Yes. So I would say in the quarter, the contribution in terms of absolute production between operated and non operated was about the same. We had been building up rig activity as well as the non ops had too, but of course the non ops had kind of rig activity that had started and production activity that started several years previously. In the quarter are relatively comparable between non op and co op. Both areas are seeing improvement.
All right, great. Thank you.
Thanks, Roger.
Thank you. Our final question for today comes from the line of Sam Margolin from Wolfe Research. Your question please.
Good morning. I'm sorry it's late stage in the call. I sort of have a thematic question, but I'll try to keep it concise. You made a reference to fiscal terms kind of tightening or escalating in Thailand that might be happening in other places too. And at the same time, even with cost inflation in the Permian accounted for sort of effectively the opposite is happening where you're getting more efficient and economics are improving.
So I guess my question is just broadly, how do you manage that?

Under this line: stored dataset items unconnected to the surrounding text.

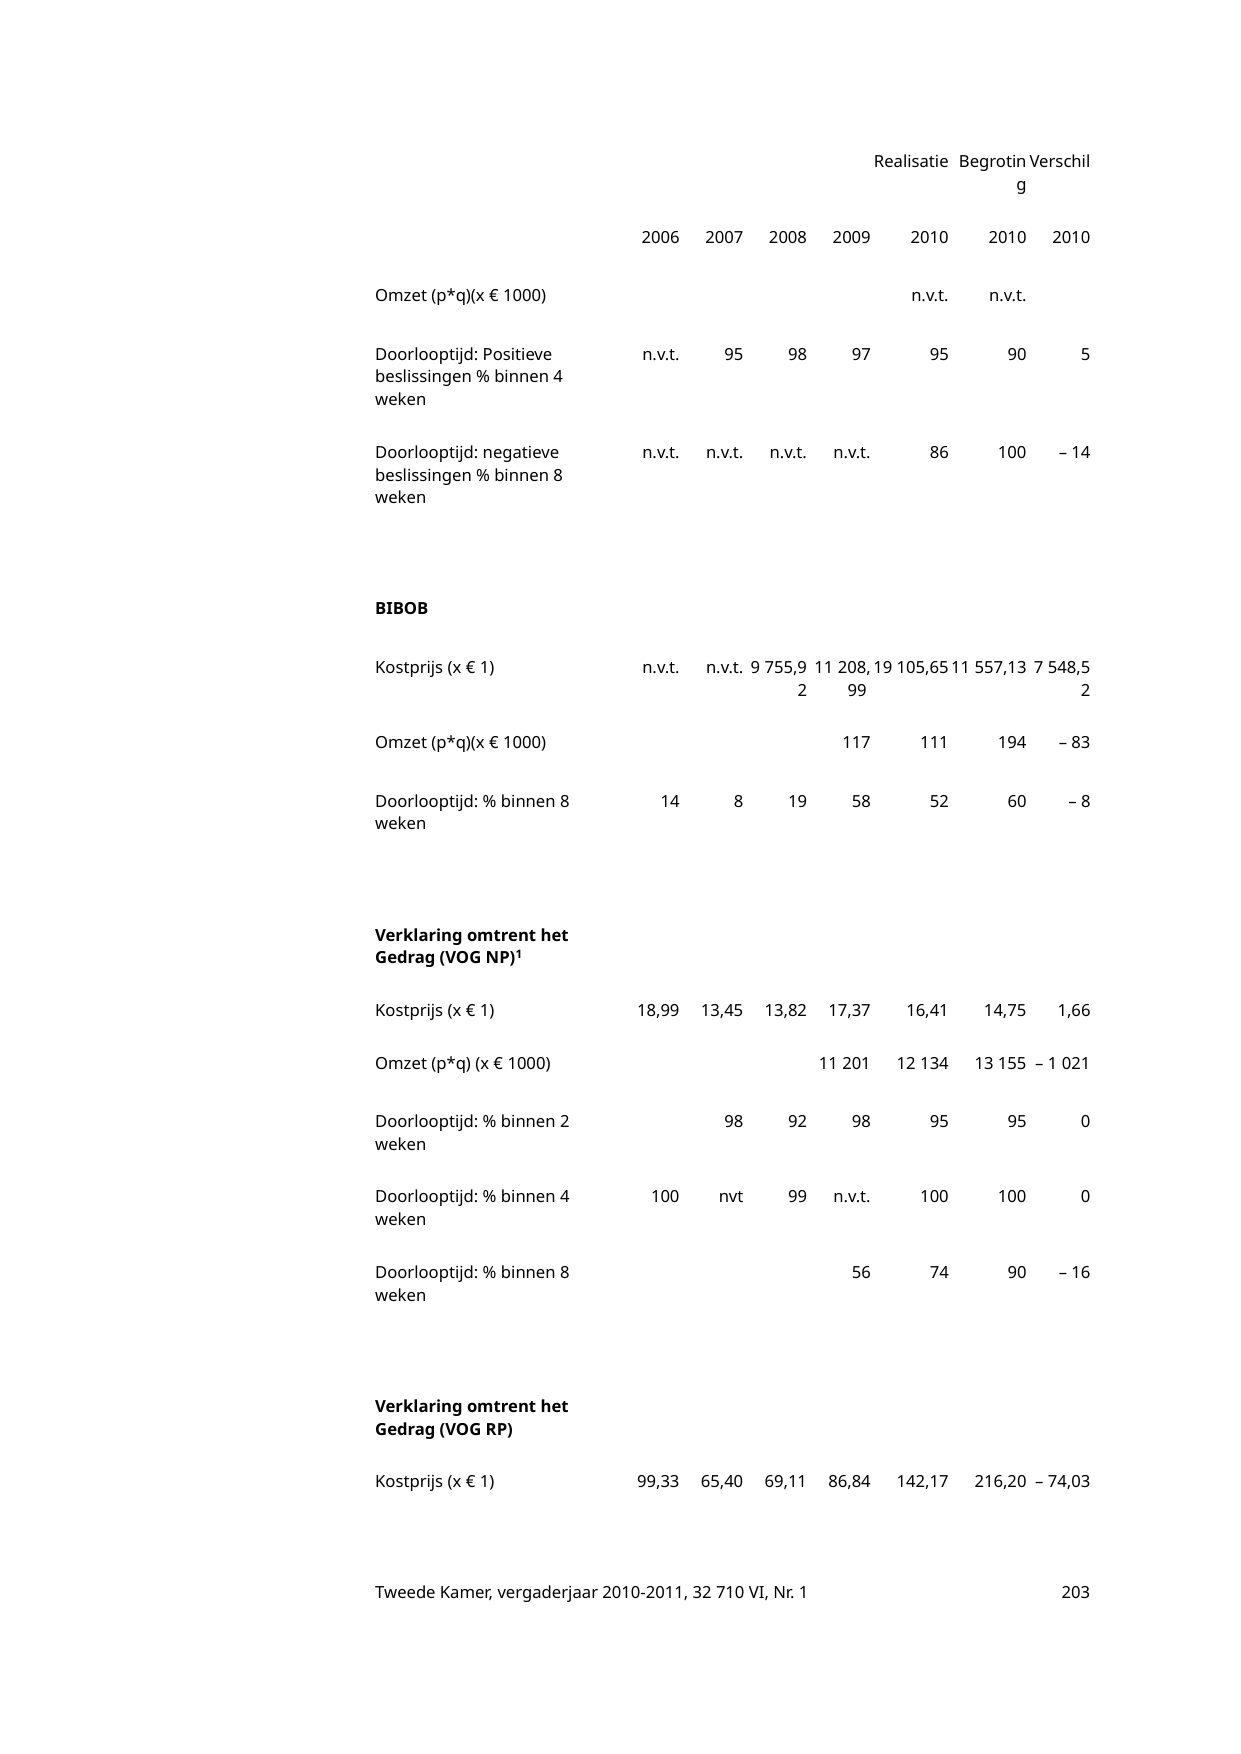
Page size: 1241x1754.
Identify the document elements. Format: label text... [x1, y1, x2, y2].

table_cell [679, 865, 743, 923]
table_cell [375, 865, 616, 923]
table_cell [1026, 923, 1090, 998]
table_cell [807, 1394, 871, 1470]
table_cell [616, 1336, 679, 1394]
table_cell 56 [807, 1261, 871, 1336]
table_cell Doorlooptijd: % binnen 8 weken [375, 789, 616, 865]
table_cell [807, 284, 871, 342]
table_cell – 14 [1026, 440, 1090, 538]
table_cell [871, 923, 948, 998]
table_cell 97 [807, 342, 871, 440]
table_cell [679, 539, 743, 597]
table_cell 74 [871, 1261, 948, 1336]
table_cell [807, 923, 871, 998]
table_cell Doorlooptijd: % binnen 4 weken [375, 1185, 616, 1261]
table_cell [949, 597, 1026, 655]
table_cell [871, 539, 948, 597]
table_cell [616, 1394, 679, 1470]
table_cell Verklaring omtrent het Gedrag (VOG RP) [375, 1394, 616, 1470]
table_cell 52 [871, 789, 948, 865]
table_cell 19 105,65 [871, 655, 948, 731]
table_header [807, 150, 871, 225]
table_cell n.v.t. [743, 440, 807, 538]
table_cell n.v.t. [679, 440, 743, 538]
table_cell [616, 1261, 679, 1336]
table_cell 11 201 [807, 1051, 871, 1110]
table_cell 2009 [807, 225, 871, 284]
table_cell 95 [871, 342, 948, 440]
table_cell [375, 225, 616, 284]
table_cell [743, 597, 807, 655]
table_cell [807, 539, 871, 597]
table_cell 0 [1026, 1185, 1090, 1261]
table_cell [1026, 1394, 1090, 1470]
table_cell – 83 [1026, 731, 1090, 789]
table_cell 2007 [679, 225, 743, 284]
table_cell [679, 284, 743, 342]
table_cell 2010 [949, 225, 1026, 284]
table_cell Doorlooptijd: % binnen 8 weken [375, 1261, 616, 1336]
table_cell 58 [807, 789, 871, 865]
table_cell 216,20 [949, 1470, 1026, 1522]
table_header [375, 150, 616, 225]
table_cell [616, 1110, 679, 1185]
table_cell n.v.t. [807, 1185, 871, 1261]
table_cell 69,11 [743, 1470, 807, 1522]
table_cell Omzet (p*q)(x € 1000) [375, 284, 616, 342]
table_cell Doorlooptijd: negatieve beslissingen % binnen 8 weken [375, 440, 616, 538]
table_header Begroting [949, 150, 1026, 225]
table_cell n.v.t. [616, 440, 679, 538]
table_cell 16,41 [871, 999, 948, 1051]
table_cell [1026, 539, 1090, 597]
table_cell 13 155 [949, 1051, 1026, 1110]
table_cell [743, 539, 807, 597]
table_cell [375, 1336, 616, 1394]
table_cell [679, 731, 743, 789]
table_cell 142,17 [871, 1470, 948, 1522]
table_cell 13,45 [679, 999, 743, 1051]
table_cell Omzet (p*q) (x € 1000) [375, 1051, 616, 1110]
table_cell 2010 [871, 225, 948, 284]
table_cell 111 [871, 731, 948, 789]
table_cell n.v.t. [616, 655, 679, 731]
table_cell Verklaring omtrent het Gedrag (VOG NP)1 [375, 923, 616, 998]
table_cell [1026, 1336, 1090, 1394]
table_cell 100 [949, 1185, 1026, 1261]
table_cell 194 [949, 731, 1026, 789]
table_cell – 74,03 [1026, 1470, 1090, 1522]
table_cell 11 208,99 [807, 655, 871, 731]
table_cell 14 [616, 789, 679, 865]
table_cell n.v.t. [807, 440, 871, 538]
table_cell 11 557,13 [949, 655, 1026, 731]
table_cell 98 [807, 1110, 871, 1185]
table_cell 1,66 [1026, 999, 1090, 1051]
table_cell [679, 1051, 743, 1110]
table_cell n.v.t. [679, 655, 743, 731]
table_cell [871, 1394, 948, 1470]
table_cell [871, 1336, 948, 1394]
table_header [679, 150, 743, 225]
table_cell [743, 1261, 807, 1336]
table_cell 2010 [1026, 225, 1090, 284]
table_cell [871, 597, 948, 655]
table_cell [1026, 597, 1090, 655]
table_cell 98 [743, 342, 807, 440]
table_cell [616, 923, 679, 998]
table_cell [949, 1394, 1026, 1470]
table_cell 60 [949, 789, 1026, 865]
table_cell 90 [949, 342, 1026, 440]
table_cell 19 [743, 789, 807, 865]
table_cell 100 [871, 1185, 948, 1261]
table_cell 5 [1026, 342, 1090, 440]
table_cell 0 [1026, 1110, 1090, 1185]
table_header Realisatie [871, 150, 948, 225]
table_cell 99 [743, 1185, 807, 1261]
table_cell 7 548,52 [1026, 655, 1090, 731]
table_cell BIBOB [375, 597, 616, 655]
table_cell 90 [949, 1261, 1026, 1336]
table_cell 2008 [743, 225, 807, 284]
table_cell Doorlooptijd: % binnen 2 weken [375, 1110, 616, 1185]
table_cell – 8 [1026, 789, 1090, 865]
table_cell Omzet (p*q)(x € 1000) [375, 731, 616, 789]
table_cell [807, 597, 871, 655]
table_cell 18,99 [616, 999, 679, 1051]
table_cell 100 [616, 1185, 679, 1261]
table_cell 8 [679, 789, 743, 865]
table_cell 95 [871, 1110, 948, 1185]
table_cell Kostprijs (x € 1) [375, 999, 616, 1051]
table_header Verschil [1026, 150, 1090, 225]
table_cell – 16 [1026, 1261, 1090, 1336]
table_cell 95 [679, 342, 743, 440]
table_cell [1026, 865, 1090, 923]
table_cell [1026, 284, 1090, 342]
table_cell [743, 284, 807, 342]
table_cell [871, 865, 948, 923]
table_cell 95 [949, 1110, 1026, 1185]
table_cell 117 [807, 731, 871, 789]
table_cell [807, 1336, 871, 1394]
table_cell – 1 021 [1026, 1051, 1090, 1110]
table_cell 98 [679, 1110, 743, 1185]
table_cell 13,82 [743, 999, 807, 1051]
table_cell [949, 865, 1026, 923]
table_cell [679, 597, 743, 655]
table_cell [949, 923, 1026, 998]
table_cell n.v.t. [616, 342, 679, 440]
table_cell 9 755,92 [743, 655, 807, 731]
table_cell [616, 1051, 679, 1110]
table_cell [679, 1336, 743, 1394]
table_cell 86,84 [807, 1470, 871, 1522]
table_cell Doorlooptijd: Positieve beslissingen % binnen 4 weken [375, 342, 616, 440]
table_cell 86 [871, 440, 948, 538]
table_cell [616, 731, 679, 789]
table_cell [949, 539, 1026, 597]
table_cell 99,33 [616, 1470, 679, 1522]
table_cell [679, 923, 743, 998]
table_cell [679, 1261, 743, 1336]
table_cell [949, 1336, 1026, 1394]
table_cell [743, 731, 807, 789]
table_cell 65,40 [679, 1470, 743, 1522]
table_cell n.v.t. [871, 284, 948, 342]
table_cell [616, 284, 679, 342]
table_cell n.v.t. [949, 284, 1026, 342]
table_cell 92 [743, 1110, 807, 1185]
table_cell [807, 865, 871, 923]
table_cell [743, 1394, 807, 1470]
table_cell 17,37 [807, 999, 871, 1051]
table_cell [743, 923, 807, 998]
table_cell [743, 1336, 807, 1394]
table_cell [743, 865, 807, 923]
table_cell 14,75 [949, 999, 1026, 1051]
table_cell 2006 [616, 225, 679, 284]
table_cell nvt [679, 1185, 743, 1261]
table_cell 100 [949, 440, 1026, 538]
table_header [616, 150, 679, 225]
table_cell [616, 539, 679, 597]
table_cell Kostprijs (x € 1) [375, 655, 616, 731]
table_cell [679, 1394, 743, 1470]
table_cell [743, 1051, 807, 1110]
table_cell 12 134 [871, 1051, 948, 1110]
table_cell [616, 865, 679, 923]
table_cell [616, 597, 679, 655]
table_header [743, 150, 807, 225]
table_cell [375, 539, 616, 597]
table_cell Kostprijs (x € 1) [375, 1470, 616, 1522]

In the past, you've kind of set a level of where you think unconventional production could be within your portfolio, but if the economics on a relative basis are getting so much better than they are everywhere else, What's the process of kind of managing your mix here to make sure that you're optimized when things on the screen seem to incent you to go wildly in one direction?

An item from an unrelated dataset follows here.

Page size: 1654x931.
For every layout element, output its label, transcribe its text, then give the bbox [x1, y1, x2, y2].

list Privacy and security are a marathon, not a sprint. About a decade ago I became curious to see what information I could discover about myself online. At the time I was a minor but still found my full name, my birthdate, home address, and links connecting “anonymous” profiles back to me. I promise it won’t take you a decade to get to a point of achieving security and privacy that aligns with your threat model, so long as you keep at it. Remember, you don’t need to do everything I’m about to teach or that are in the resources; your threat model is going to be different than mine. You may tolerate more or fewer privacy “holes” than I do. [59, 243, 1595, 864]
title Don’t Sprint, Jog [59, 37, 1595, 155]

Yes. Sam, I would just say, we have a fundamental belief in the value of diversification and having a diversified portfolio. And we have several legacy assets, whether you think of Australia or unconventional in the Permian, TCO, Deepwater, we have several significant asset classes that we want to continue to pursue. And you're right, in some locations around the world, you'll see a tightening of fiscal terms. But in other locations around the world, you see the fact that the host governments are realizing that in order to incent foreign investment, they need to revise the fiscal terms in a more kind of favorable to the investor, like a Chevron would be situation.

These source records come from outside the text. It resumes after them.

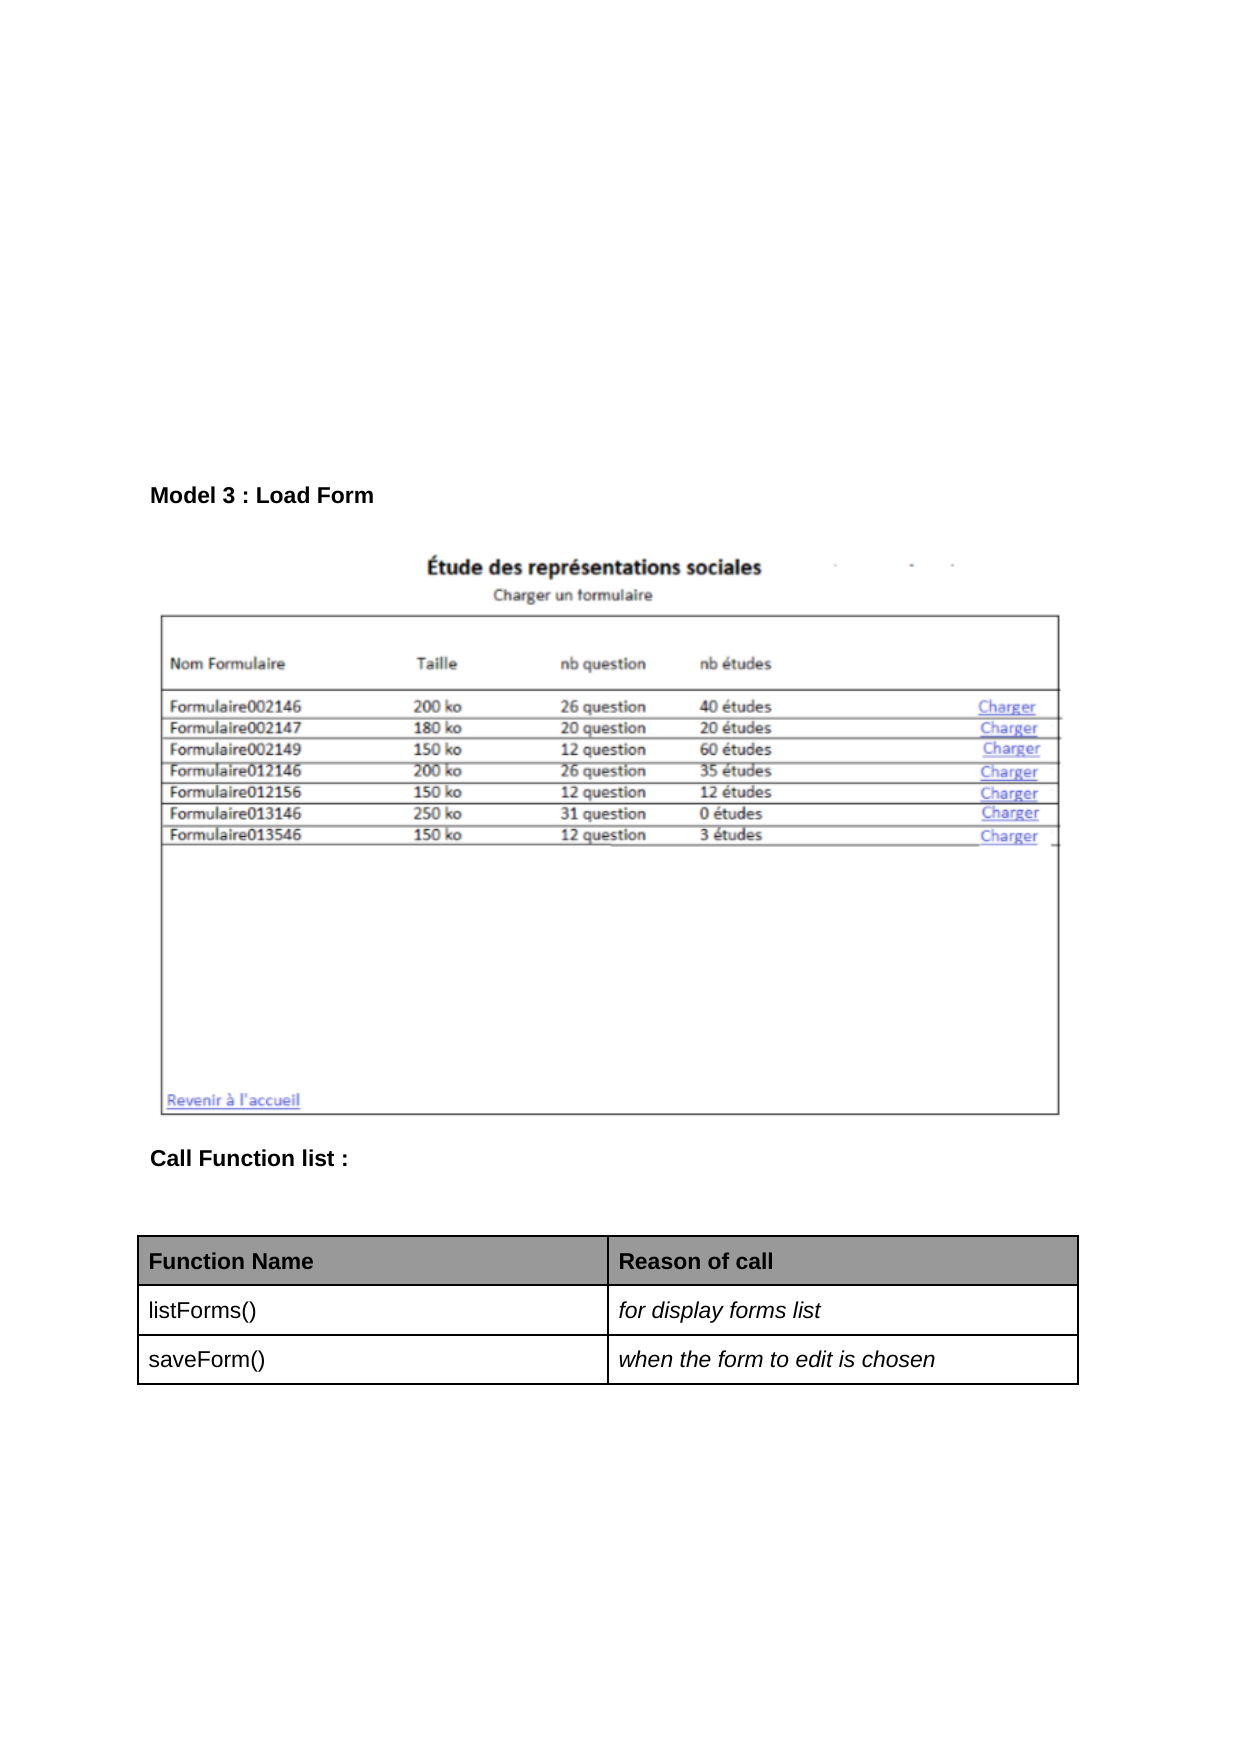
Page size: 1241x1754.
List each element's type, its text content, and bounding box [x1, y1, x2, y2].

table_cell when the form to edit is chosen [609, 1336, 1077, 1383]
table_header Reason of call [609, 1237, 1077, 1284]
table_cell listForms() [139, 1286, 607, 1334]
text Call Function list : [150, 1144, 1090, 1171]
table_cell saveForm() [139, 1336, 607, 1383]
table_header Function Name [139, 1237, 607, 1284]
table_cell for display forms list [609, 1286, 1077, 1334]
picture [150, 542, 1091, 1141]
subtitle Model 3 : Load Form [150, 482, 1090, 509]

So it ebbs and flows and we're in the business for the long term. And so we just we continue to assess our portfolio and try to make the best decisions we can make, not only for short term, but also for long term production growth, reserve replacement, cash flow growth, dividend growth, etcetera. So it's a we look at it as a portfolio.
All right. Thanks so much for all the color on a long call.
Okay. Thank you. Okay. I guess that was our last call. So I want to thank everybody for your time today.
We certainly appreciate your interest in Chevron and we appreciate everyone's participation on the call. Have a good day. Jonathan, back to you.
Thank you. Ladies and gentlemen, this concludes Chevron's 3rd quarter 2018 earnings conference call. You may now disconnect.